As many as 40 cases of enforced disappearances were recorded in 2021, a steady increase from the previous years.
“These are cases in which state officers have decided that somebody is an enemy of the state, and rather than taking them through the process of investigation, prosecution and adjudication, they are arbitrarily detained, sometimes tortured and intimidated,” says Houghton.
“In 2021, we saw a spike in enforced disappearances and extrajudicial killings, 70 per cent of whom were people suspected of serious crime. The other 30 per cent were suspected of terrorism,” he says.
In November 2021, Amnesty International, together with the Law Society of Kenya (LSK) and the Supreme Council of Kenya Muslims (Supkem) visited Cabinet Secretary for Interior Fred Matiang’i to demand that the 40 cases be investigated and those abducted be released or charged in a court of law. After the meeting, 10 missing men were reunited with their families.
Houghton notes that cases of enforced disappearances keep rising because there are no tough measures taken against officers that break the law.

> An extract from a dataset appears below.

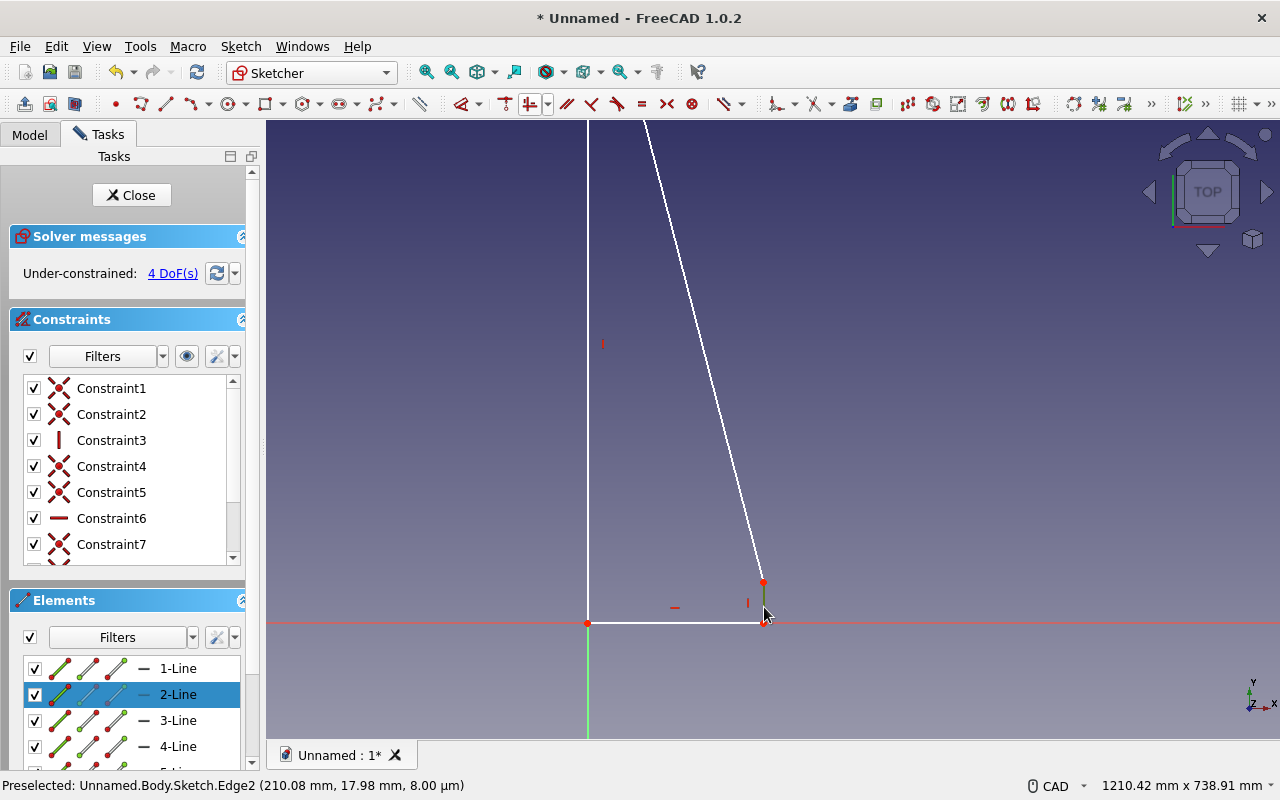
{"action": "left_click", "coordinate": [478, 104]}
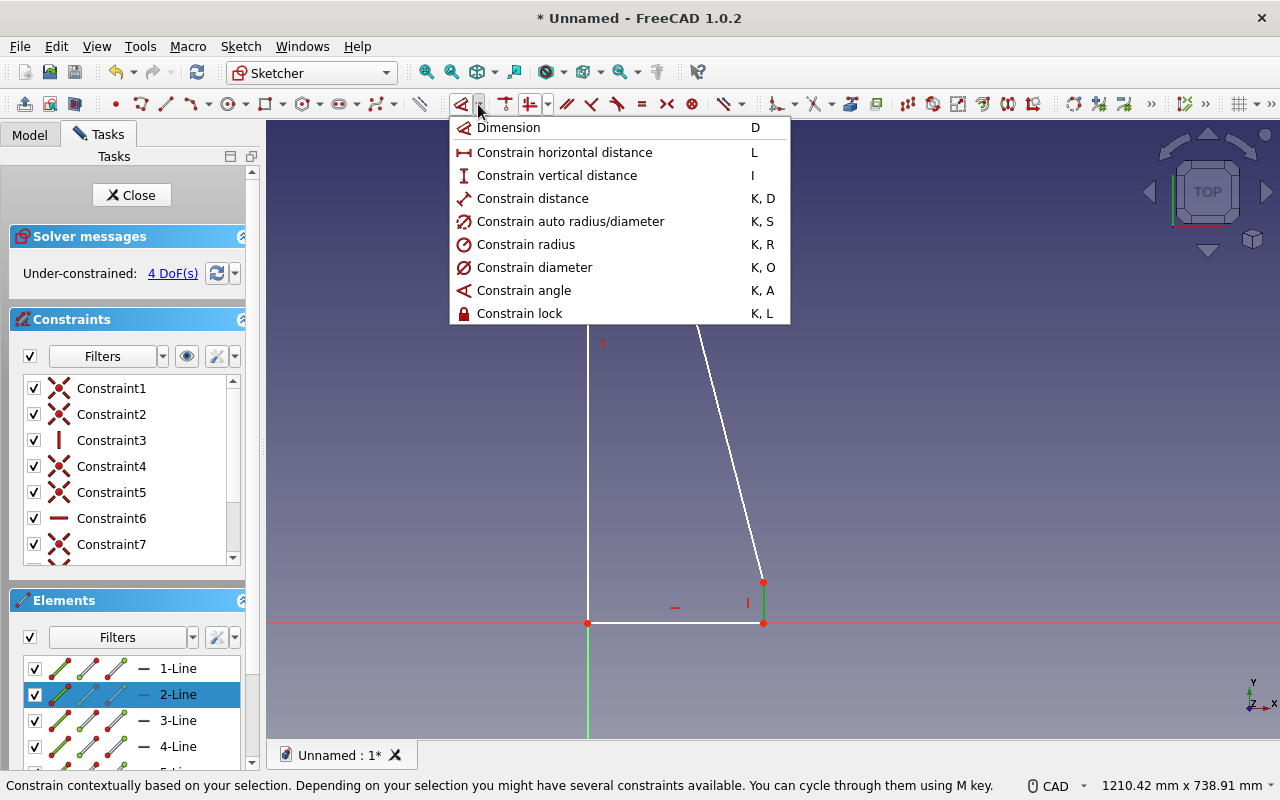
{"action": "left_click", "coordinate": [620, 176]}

This is made worse by inadequate public awareness, and the failure of the country to ratify the International Convention Against Enforced Disappearance, and to operationalise the Prevention of Torture Act and Coroners Service Act, that would speak to such cases.
“The purpose of enforced disappearance is not to eliminate a person per se, but to create fear in the community where the person comes from. It is designed to ensure that people keep their mouths shut and look the other way as the officers do what they like with some individuals,” he adds.
Happy Ola, the convener of community social justice centres, also adds that every week, there are reports that a person has gone missing, only for their body to be found days later.
“How can someone just disappear and they are never seen? What kind of torture does this bring to the family and community? We are here to mark this international day of victims of enforced disappearances, albeit with sadness and fear. In our streets, if you see a white Probox, you flee, because you may be the next victim. We need answers,” he says.